**Your goal:** Find every line containing "bounding" in the records below and report the tally as a bare number.

── Exercise inputs ──

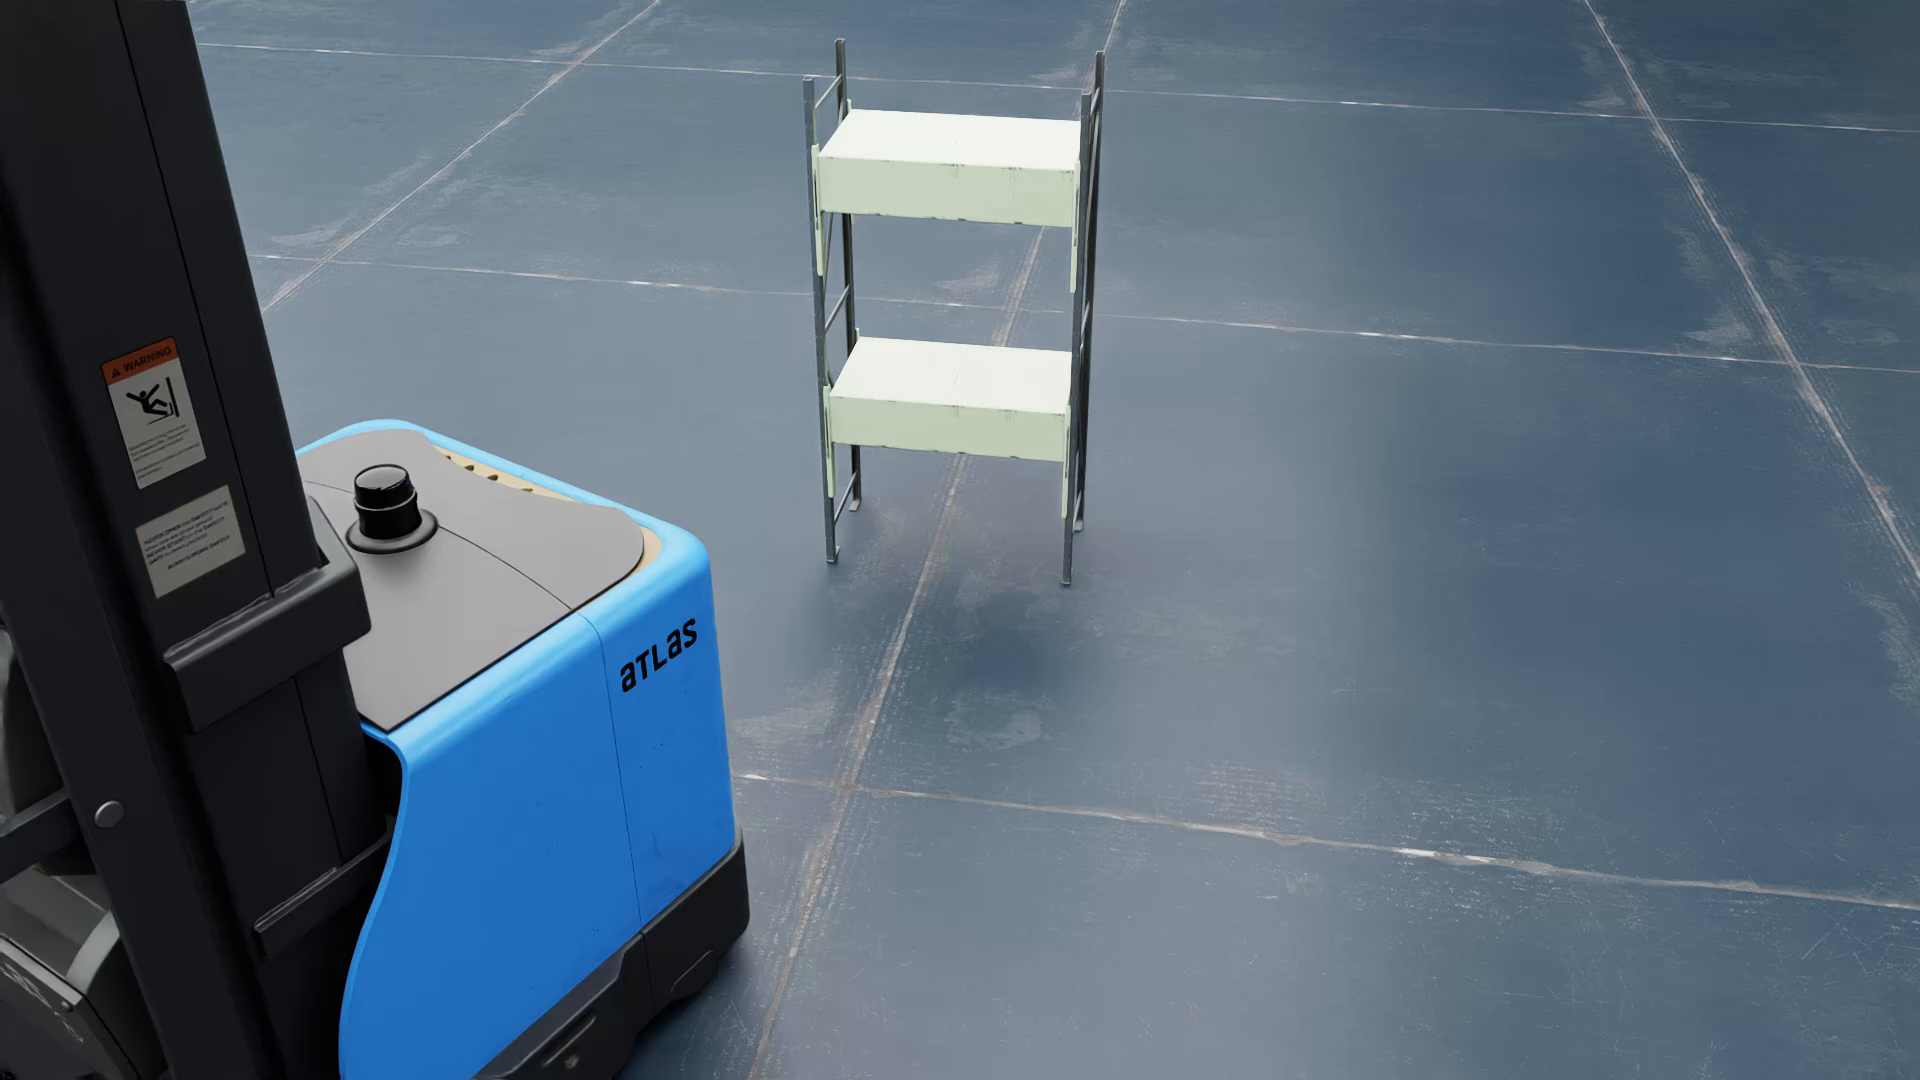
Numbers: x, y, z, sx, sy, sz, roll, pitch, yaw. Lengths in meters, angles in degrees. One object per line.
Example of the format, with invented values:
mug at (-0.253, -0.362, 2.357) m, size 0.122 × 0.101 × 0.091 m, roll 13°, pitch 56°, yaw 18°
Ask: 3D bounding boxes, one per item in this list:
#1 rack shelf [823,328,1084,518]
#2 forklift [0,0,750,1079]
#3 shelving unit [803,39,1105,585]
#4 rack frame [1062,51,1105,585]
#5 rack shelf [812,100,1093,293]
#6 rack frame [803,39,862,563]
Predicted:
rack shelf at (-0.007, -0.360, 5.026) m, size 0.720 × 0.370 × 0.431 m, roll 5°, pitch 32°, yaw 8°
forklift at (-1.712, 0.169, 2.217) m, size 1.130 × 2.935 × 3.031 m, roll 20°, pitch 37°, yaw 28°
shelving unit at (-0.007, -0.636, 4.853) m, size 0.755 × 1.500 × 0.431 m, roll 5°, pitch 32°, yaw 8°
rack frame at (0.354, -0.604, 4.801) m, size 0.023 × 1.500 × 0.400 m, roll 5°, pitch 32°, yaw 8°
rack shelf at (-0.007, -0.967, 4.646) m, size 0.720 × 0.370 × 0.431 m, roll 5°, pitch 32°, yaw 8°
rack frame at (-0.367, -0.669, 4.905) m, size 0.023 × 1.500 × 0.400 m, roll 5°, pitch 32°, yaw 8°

───
── Exercise inputs ──

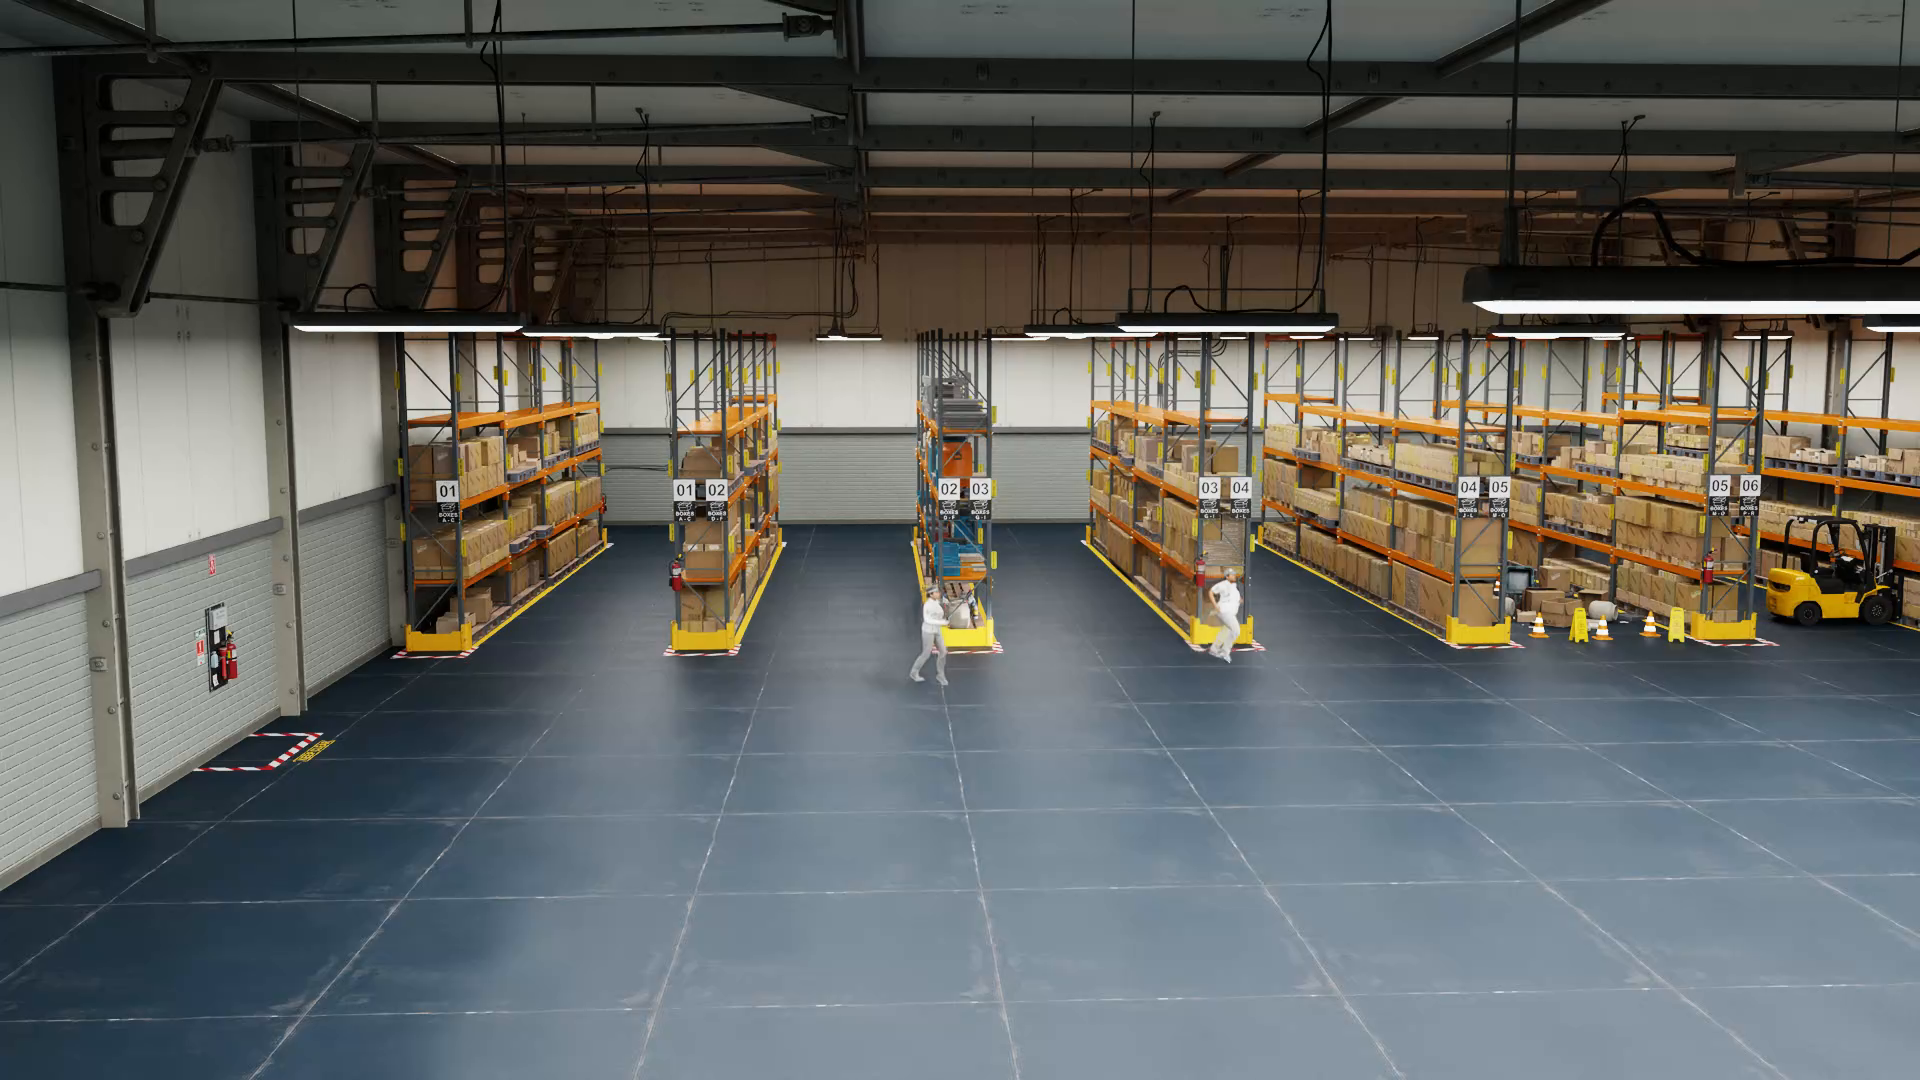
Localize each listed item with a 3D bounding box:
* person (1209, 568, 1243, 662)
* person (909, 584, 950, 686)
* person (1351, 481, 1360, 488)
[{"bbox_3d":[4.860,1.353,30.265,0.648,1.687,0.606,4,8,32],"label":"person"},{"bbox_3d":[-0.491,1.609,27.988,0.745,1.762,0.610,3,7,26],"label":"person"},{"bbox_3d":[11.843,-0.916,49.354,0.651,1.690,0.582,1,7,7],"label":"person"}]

───

**Response box:** 2